● **Saved data entries**:

BEGIN

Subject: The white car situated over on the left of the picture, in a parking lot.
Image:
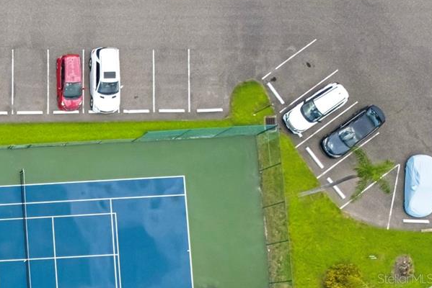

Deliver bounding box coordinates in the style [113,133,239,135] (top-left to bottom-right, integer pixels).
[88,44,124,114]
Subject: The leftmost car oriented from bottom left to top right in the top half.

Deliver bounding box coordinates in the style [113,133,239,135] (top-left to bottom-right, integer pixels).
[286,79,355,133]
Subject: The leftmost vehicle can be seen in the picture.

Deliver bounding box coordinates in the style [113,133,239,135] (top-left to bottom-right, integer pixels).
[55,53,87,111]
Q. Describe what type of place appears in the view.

END

Where a line of the records contains the word "picture", count it; state only the final tally.

● **ANSWER TO THE PROBLEM**:
2